Segment Start: Task input
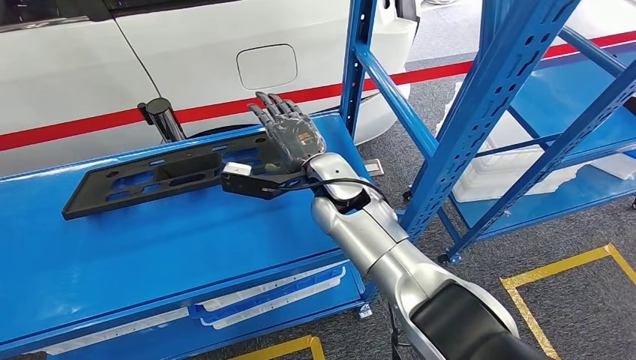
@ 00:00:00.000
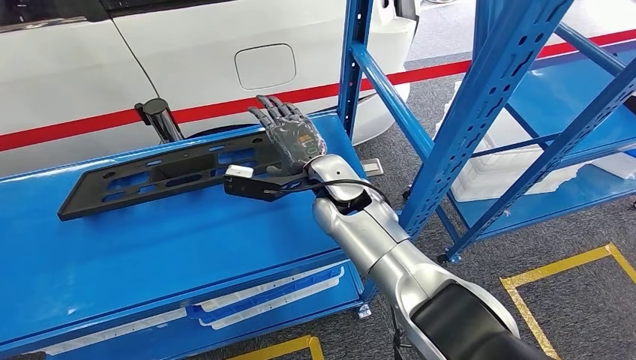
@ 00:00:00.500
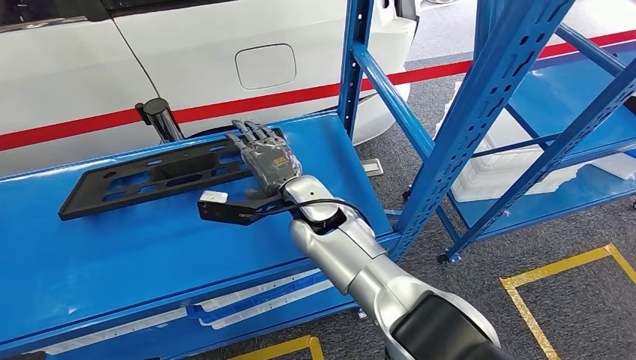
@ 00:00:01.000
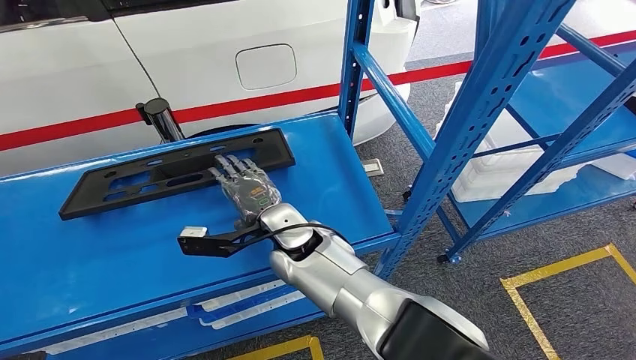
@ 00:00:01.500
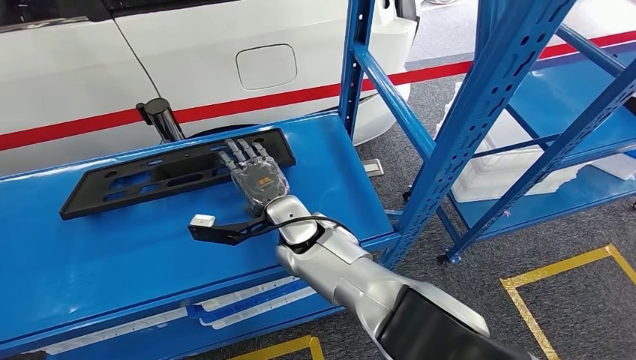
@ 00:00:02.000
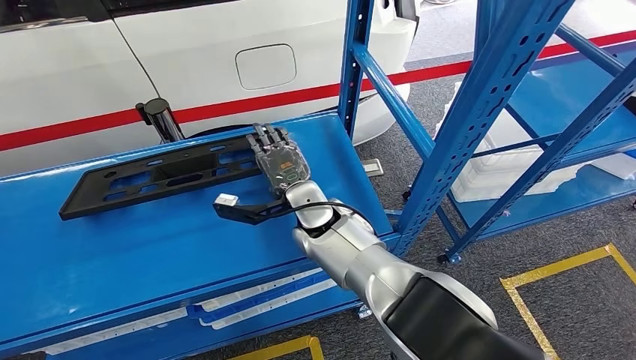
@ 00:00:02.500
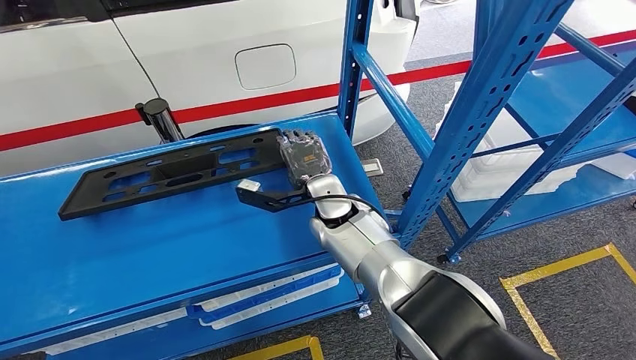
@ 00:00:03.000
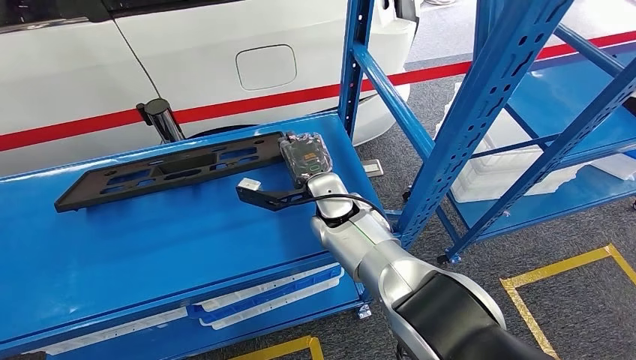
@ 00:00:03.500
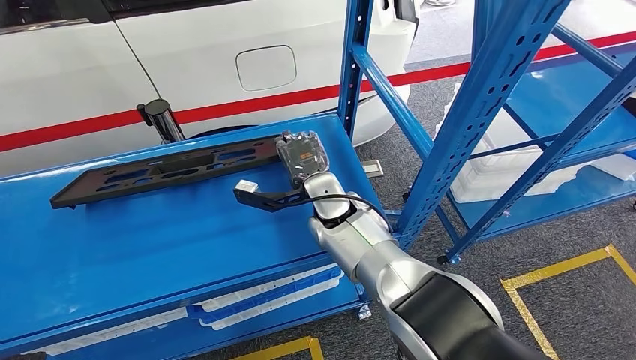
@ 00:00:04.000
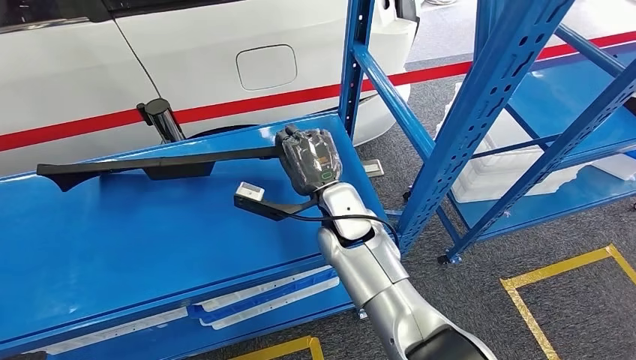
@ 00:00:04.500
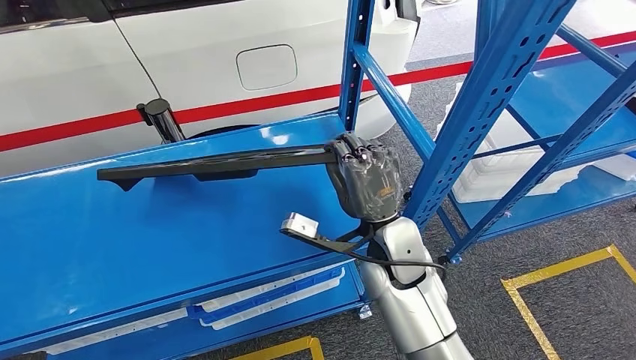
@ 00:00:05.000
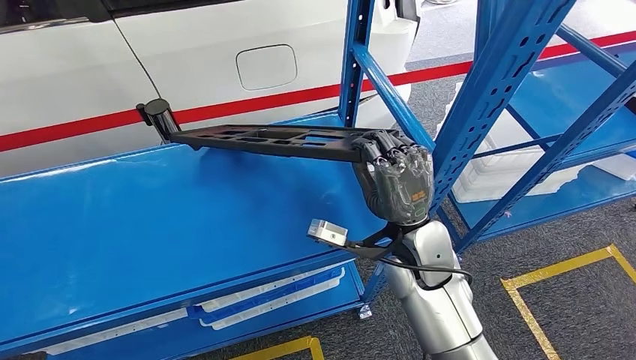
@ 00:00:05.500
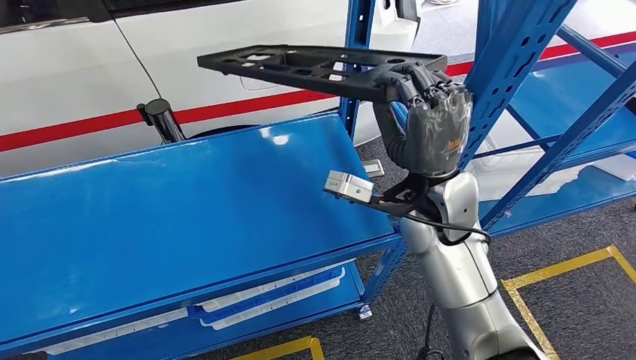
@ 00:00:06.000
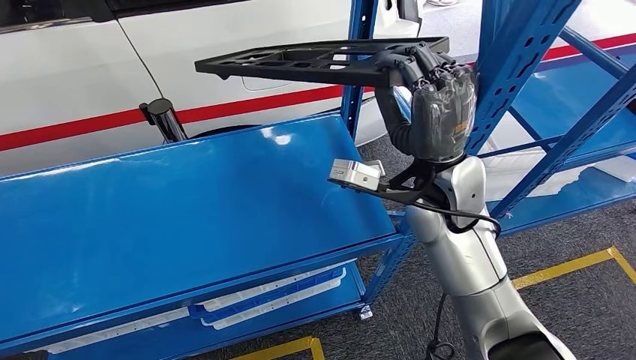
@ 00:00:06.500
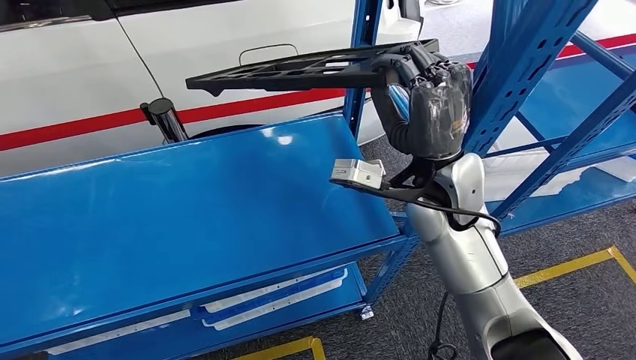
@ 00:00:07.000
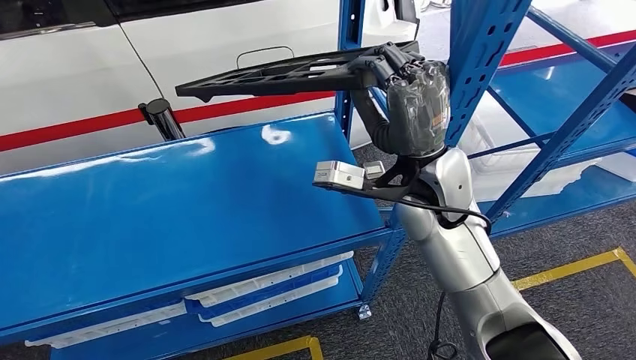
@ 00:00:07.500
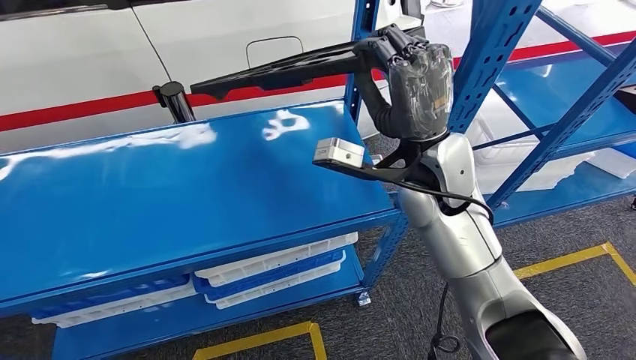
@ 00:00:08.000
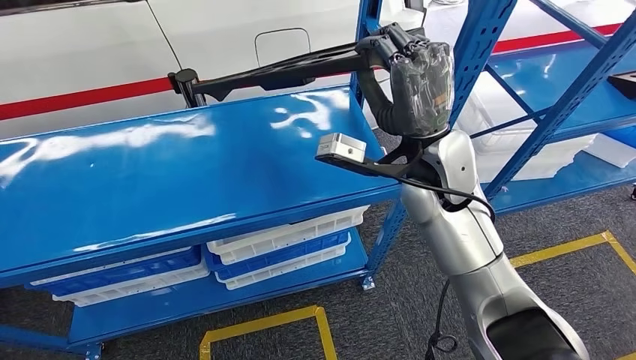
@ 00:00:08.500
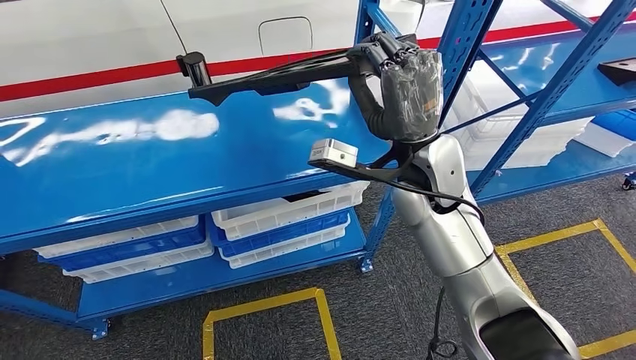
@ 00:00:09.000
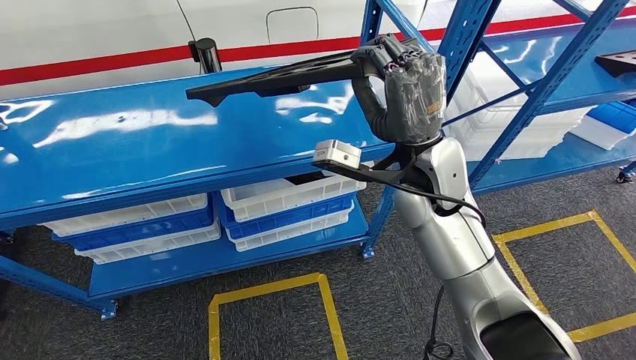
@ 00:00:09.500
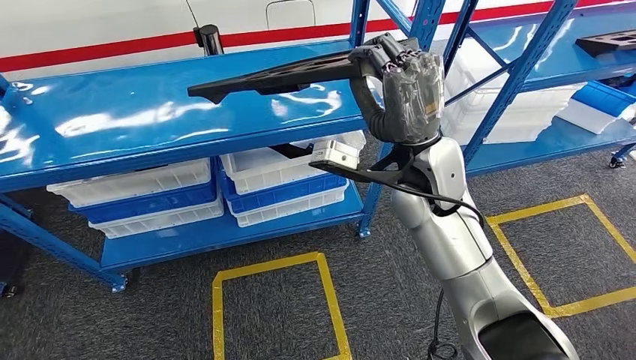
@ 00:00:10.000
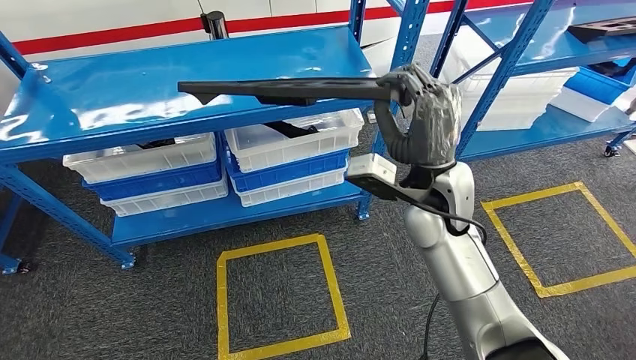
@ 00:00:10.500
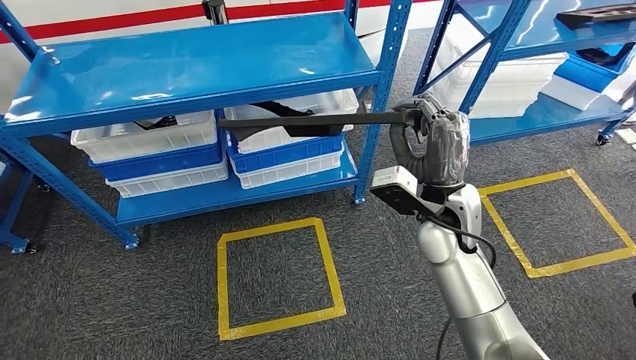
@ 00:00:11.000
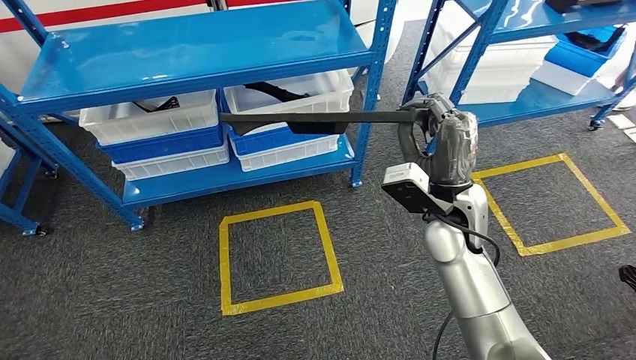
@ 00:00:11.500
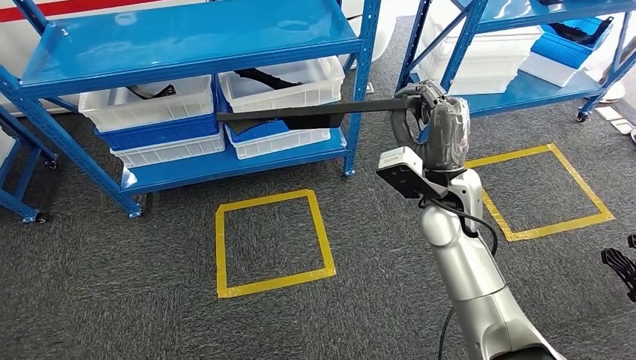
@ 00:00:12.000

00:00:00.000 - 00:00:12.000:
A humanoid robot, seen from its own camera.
Segment End: Task input
• [Task goal]:
Transcribe the records above exactly, omitting every picture they contain.

• [Response to this exercise]:
@ 00:00:00.000
@ 00:00:00.500
@ 00:00:01.000
@ 00:00:01.500
@ 00:00:02.000
@ 00:00:02.500
@ 00:00:03.000
@ 00:00:03.500
@ 00:00:04.000
@ 00:00:04.500
@ 00:00:05.000
@ 00:00:05.500
@ 00:00:06.000
@ 00:00:06.500
@ 00:00:07.000
@ 00:00:07.500
@ 00:00:08.000
@ 00:00:08.500
@ 00:00:09.000
@ 00:00:09.500
@ 00:00:10.000
@ 00:00:10.500
@ 00:00:11.000
@ 00:00:11.500
@ 00:00:12.000

00:00:00.000 - 00:00:12.000:
A humanoid robot, seen from its own camera.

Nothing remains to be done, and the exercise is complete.